*** MATERIAL TO PROCESS ***
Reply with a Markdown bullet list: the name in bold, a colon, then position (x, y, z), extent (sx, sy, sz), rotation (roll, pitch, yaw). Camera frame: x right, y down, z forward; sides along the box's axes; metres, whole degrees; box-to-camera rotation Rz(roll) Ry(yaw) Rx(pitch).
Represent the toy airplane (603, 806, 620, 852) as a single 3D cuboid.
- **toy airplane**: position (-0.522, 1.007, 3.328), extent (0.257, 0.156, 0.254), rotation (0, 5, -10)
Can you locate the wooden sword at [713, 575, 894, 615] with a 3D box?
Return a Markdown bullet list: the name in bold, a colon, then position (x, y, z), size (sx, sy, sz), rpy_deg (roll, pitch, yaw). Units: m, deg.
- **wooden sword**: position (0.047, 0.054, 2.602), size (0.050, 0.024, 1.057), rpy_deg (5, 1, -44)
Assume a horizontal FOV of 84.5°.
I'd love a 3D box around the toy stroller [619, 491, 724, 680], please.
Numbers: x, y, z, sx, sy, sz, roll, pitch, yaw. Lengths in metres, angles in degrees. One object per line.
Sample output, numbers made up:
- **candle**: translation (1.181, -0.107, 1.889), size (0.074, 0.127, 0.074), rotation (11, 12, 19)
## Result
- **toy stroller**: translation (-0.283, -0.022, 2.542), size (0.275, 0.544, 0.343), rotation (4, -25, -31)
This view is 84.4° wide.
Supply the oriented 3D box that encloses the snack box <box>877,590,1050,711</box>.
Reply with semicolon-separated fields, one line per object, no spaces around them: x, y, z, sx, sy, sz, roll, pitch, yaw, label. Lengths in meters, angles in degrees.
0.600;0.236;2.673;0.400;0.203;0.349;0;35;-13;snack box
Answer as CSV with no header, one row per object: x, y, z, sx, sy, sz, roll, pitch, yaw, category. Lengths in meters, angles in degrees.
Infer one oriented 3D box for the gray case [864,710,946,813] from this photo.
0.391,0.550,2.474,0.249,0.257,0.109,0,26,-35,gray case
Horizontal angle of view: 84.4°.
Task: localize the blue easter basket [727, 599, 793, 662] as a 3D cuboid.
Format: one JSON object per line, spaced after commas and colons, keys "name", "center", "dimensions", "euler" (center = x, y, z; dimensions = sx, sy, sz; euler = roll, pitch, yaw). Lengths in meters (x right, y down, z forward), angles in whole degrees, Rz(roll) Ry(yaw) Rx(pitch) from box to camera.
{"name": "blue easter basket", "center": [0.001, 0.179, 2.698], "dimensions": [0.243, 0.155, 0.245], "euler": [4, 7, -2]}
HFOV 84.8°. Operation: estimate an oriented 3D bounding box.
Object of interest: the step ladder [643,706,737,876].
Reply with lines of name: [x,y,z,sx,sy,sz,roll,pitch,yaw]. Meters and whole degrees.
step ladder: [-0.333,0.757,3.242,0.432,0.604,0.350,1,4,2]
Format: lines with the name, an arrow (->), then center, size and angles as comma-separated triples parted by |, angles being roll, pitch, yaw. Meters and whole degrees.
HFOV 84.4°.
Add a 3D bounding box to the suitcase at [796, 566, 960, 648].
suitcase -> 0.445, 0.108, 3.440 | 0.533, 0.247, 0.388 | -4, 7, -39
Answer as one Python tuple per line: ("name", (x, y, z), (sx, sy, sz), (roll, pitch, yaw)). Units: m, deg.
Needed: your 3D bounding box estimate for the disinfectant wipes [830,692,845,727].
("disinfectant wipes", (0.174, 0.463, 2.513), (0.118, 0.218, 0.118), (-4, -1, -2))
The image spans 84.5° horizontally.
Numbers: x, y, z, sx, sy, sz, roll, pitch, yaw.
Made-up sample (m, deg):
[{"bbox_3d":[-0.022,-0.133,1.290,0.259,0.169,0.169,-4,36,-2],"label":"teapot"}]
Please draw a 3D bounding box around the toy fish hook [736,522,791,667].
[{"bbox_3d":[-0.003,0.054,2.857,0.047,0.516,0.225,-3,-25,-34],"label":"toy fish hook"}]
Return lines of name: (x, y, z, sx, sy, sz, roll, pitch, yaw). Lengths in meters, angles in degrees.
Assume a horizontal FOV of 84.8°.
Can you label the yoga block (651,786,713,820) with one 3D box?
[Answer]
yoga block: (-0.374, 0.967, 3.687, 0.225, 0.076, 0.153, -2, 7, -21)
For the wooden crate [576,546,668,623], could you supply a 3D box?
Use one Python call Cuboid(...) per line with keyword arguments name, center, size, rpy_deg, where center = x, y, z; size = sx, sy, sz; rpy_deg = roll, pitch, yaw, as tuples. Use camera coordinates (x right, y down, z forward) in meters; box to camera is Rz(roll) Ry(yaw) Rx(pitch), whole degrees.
*** End of MATERIAL TO PROCESS ***
* **WHAT NEEDS TO BE DONE**
Only the lines from the beginning of the entries through the line bearing "Can you locate" should be returned, each exactly as written.

* **TASK RESPONSE**
Reply with a Markdown bullet list: the name in bold, a colon, then position (x, y, z), extent (sx, sy, sz), rotation (roll, pitch, yaw). Camera frame: x right, y down, z forward; sides along the box's axes; metres, whole degrees; box-to-camera rotation Rz(roll) Ry(yaw) Rx(pitch).
Represent the toy airplane (603, 806, 620, 852) as a single 3D cuboid.
- **toy airplane**: position (-0.522, 1.007, 3.328), extent (0.257, 0.156, 0.254), rotation (0, 5, -10)
Can you locate the wooden sword at [713, 575, 894, 615] with a 3D box?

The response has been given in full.